My first month co-working
Last year I set out to take my personal hack time a little more seriously and wrap a business around it. I held an office in Grand Rapids and labeled it a “man cave”, and used it all of about 6 times with a total of about $400/mo. Despite the solitude in my own office, I failed to get to the mental kick start I was looking for out of the environment.
So I’ll cycle back to what I really wanted out of it:
- A place to escape the (somewhat toxic) workflow of the day job and adopt new methodologies for getting my work done.
- A place for the academic practice of my profession to get back to the drive that got me here in the first place.
- A place to dedicate the entire day to tomorrow and be progressive with my future.
- A place to “hang out” with potential clients and collaborate with folks in the similar industries.
Did I get that?
Not really, for one I was surrounded by least interesting person to bounce ideas off of, which was myself. Secondly, I found myself still scattered and attending meetups and tech groups looking for the same things I stated on the list previous. Which does not work as most of these meetings are limited in time, and sometimes more structured than I wanted (but interesting all the same).
So we closed up the office and moved the operations to U.S. Signal, leaving me at Panera bread wearing out my welcome and with github issues, or worse yet at home where the life balance gets all convaluted.
In April I decided to give co-working out at elevatorup for a spin.
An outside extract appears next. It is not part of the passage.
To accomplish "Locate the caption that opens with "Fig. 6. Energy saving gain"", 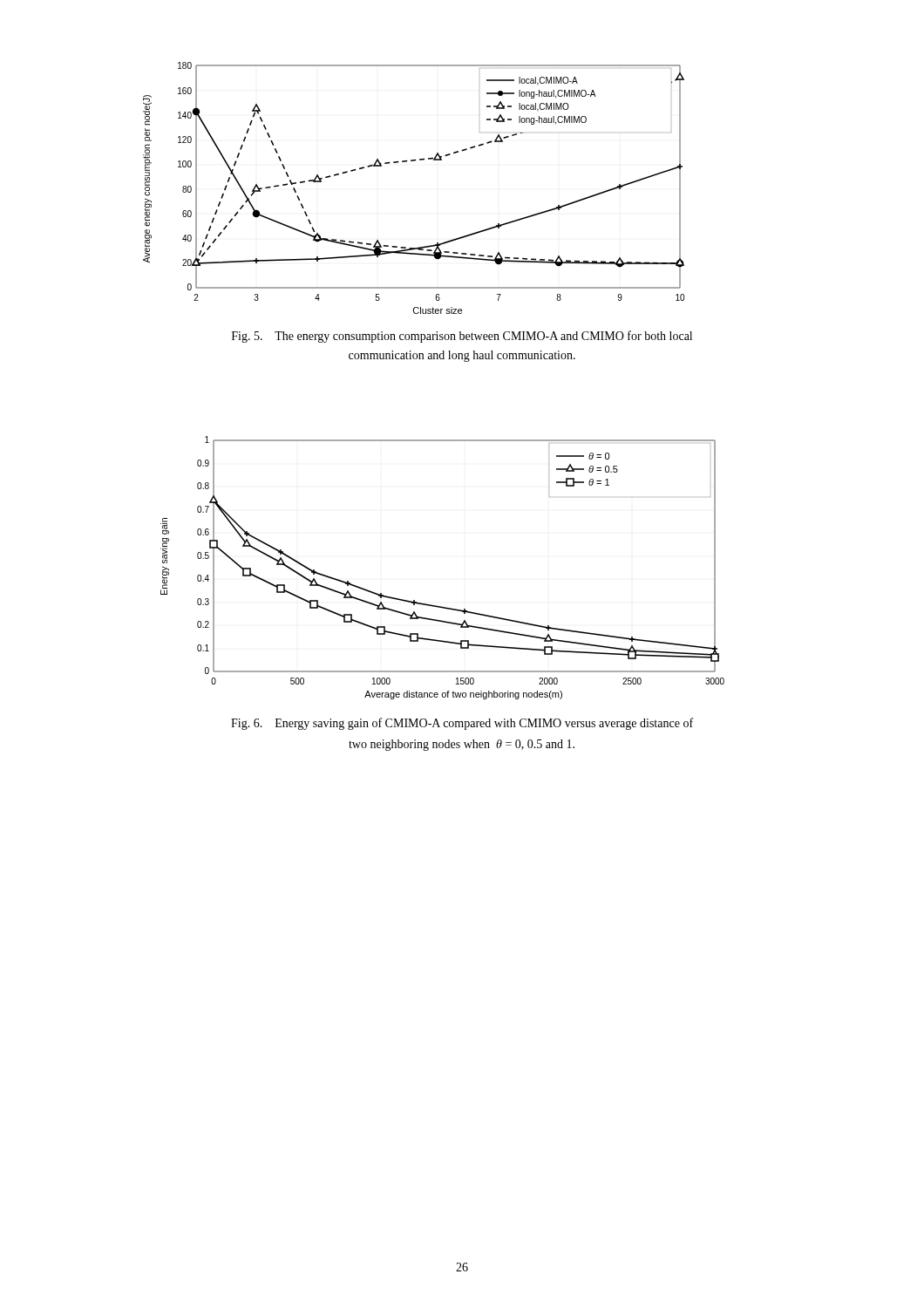I will pyautogui.click(x=462, y=734).

Things were ramping up with development sprints for Dev Arboretum and my need to break out for aggressive Spectrum Health development was growing. I have some relatively small windows to produce and nowhere to do it.
Here is what I ended up with:
- Surrounding myself with people with an incredible drive to do stuff. Some I understand, some I dont, but that kind of energy is catchy.
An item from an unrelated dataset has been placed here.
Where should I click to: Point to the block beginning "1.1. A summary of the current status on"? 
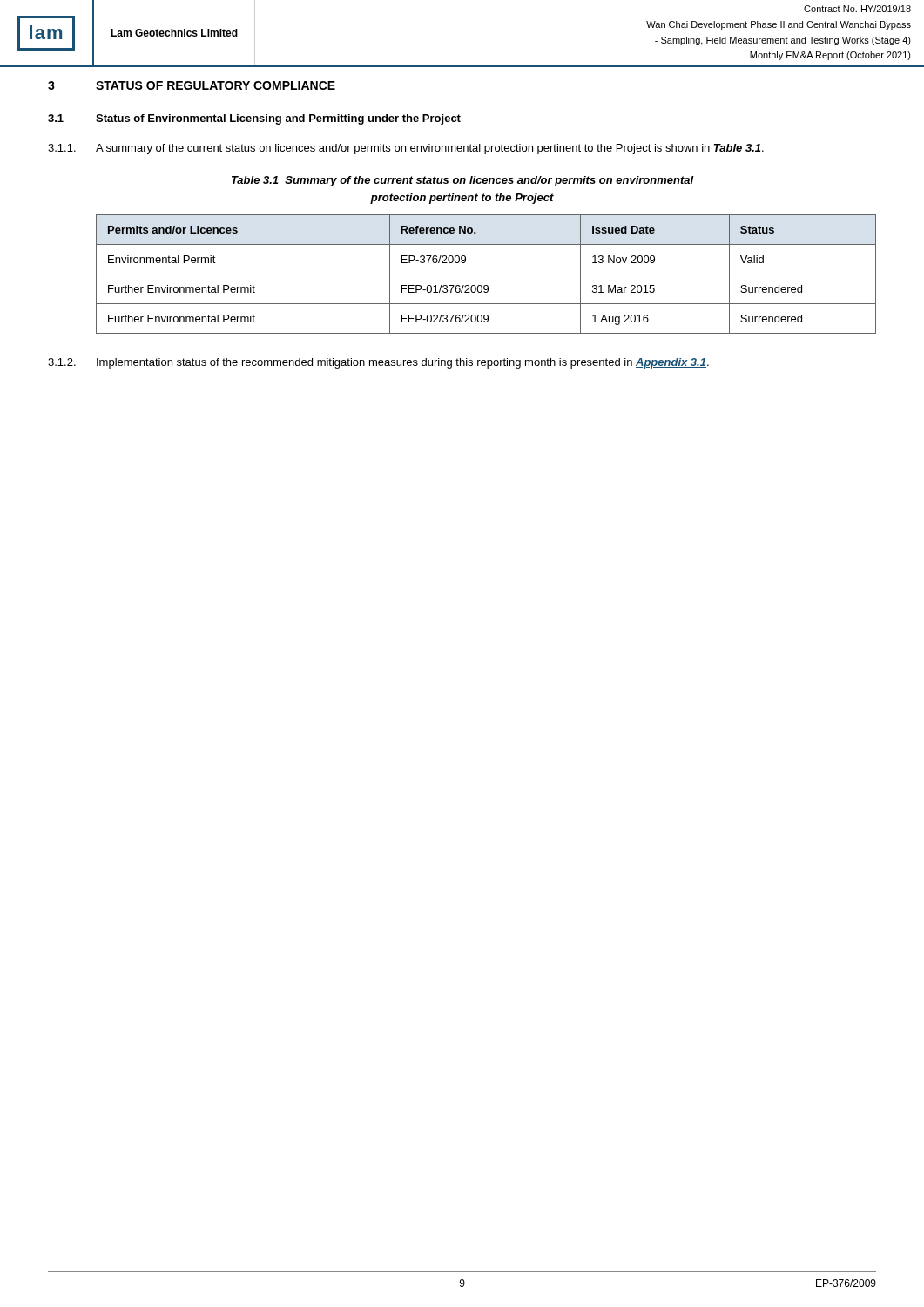(462, 148)

- Ability to concentrate in a SILO, but mingle in a tech soup.
- Overhearing an occassional “F-BOMB” which reminds you that you are truly free (at least for a day) from a corporate environment.
- Well kept surroundings, no more carpet stains or in office servers spinning.
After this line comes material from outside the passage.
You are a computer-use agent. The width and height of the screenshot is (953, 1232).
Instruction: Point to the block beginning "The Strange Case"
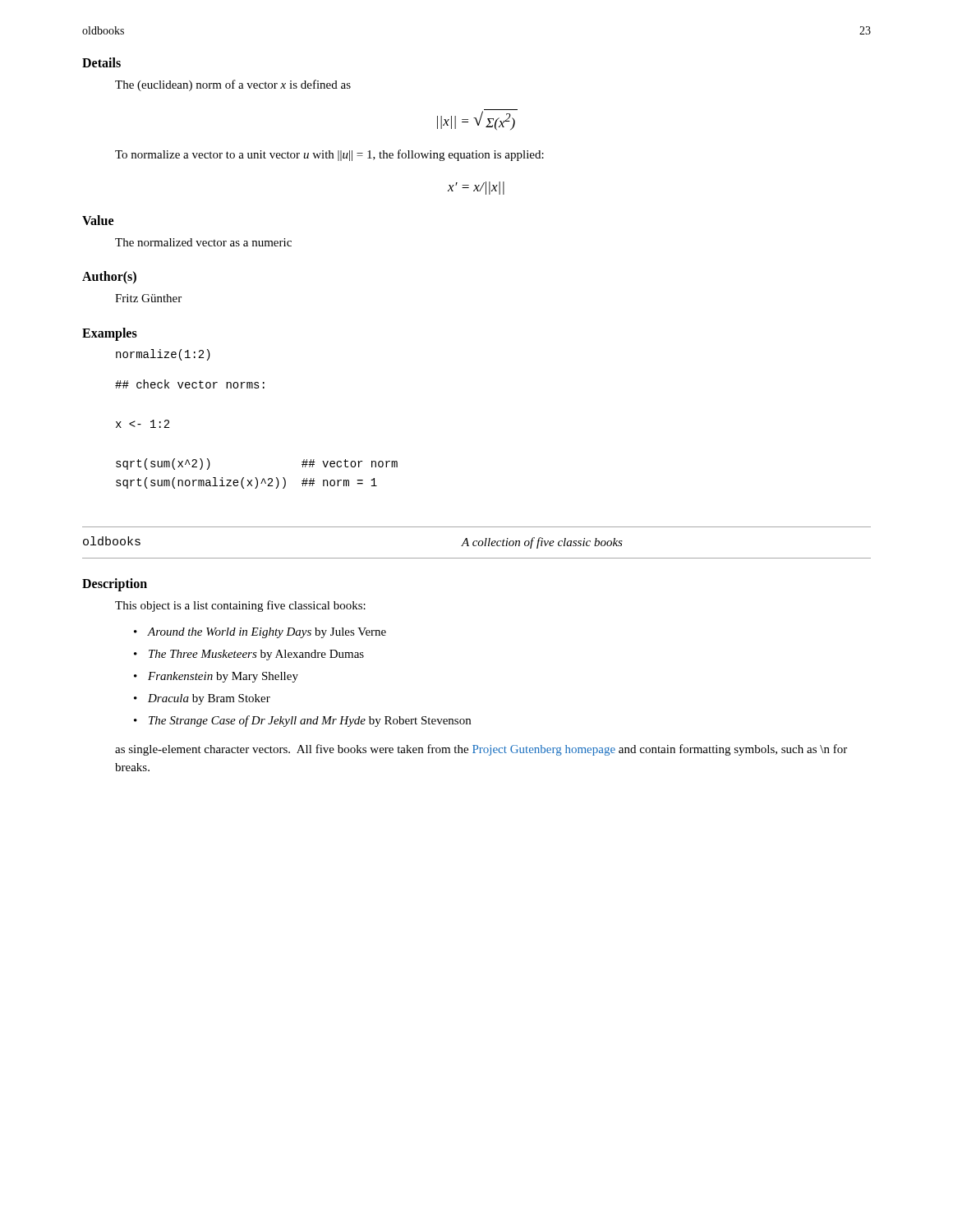(310, 720)

- No more Tori Amos looping continually.
- Being a developer of sorts that has been in a target industry for years, its so nice to be surrounded by other industries.
- Somebody (@zmoazeni ) actually asked what the hell I was doing. You underestimate how awesome this is until nobody does it for a year.
The experience is positive, economically makes sense, and is achieving what I wanted over a year ago.
If you haven’t at least tried co-working, here is my best shot at explaining it to you:
Have ever worked in an office, and felt that you were on a perpetual conference call, all day, everyday? Well, co-working is kind of like that, except it doesn’t suck, and is kind of like being at a perpetual conference for something you enjoy, while working all the same.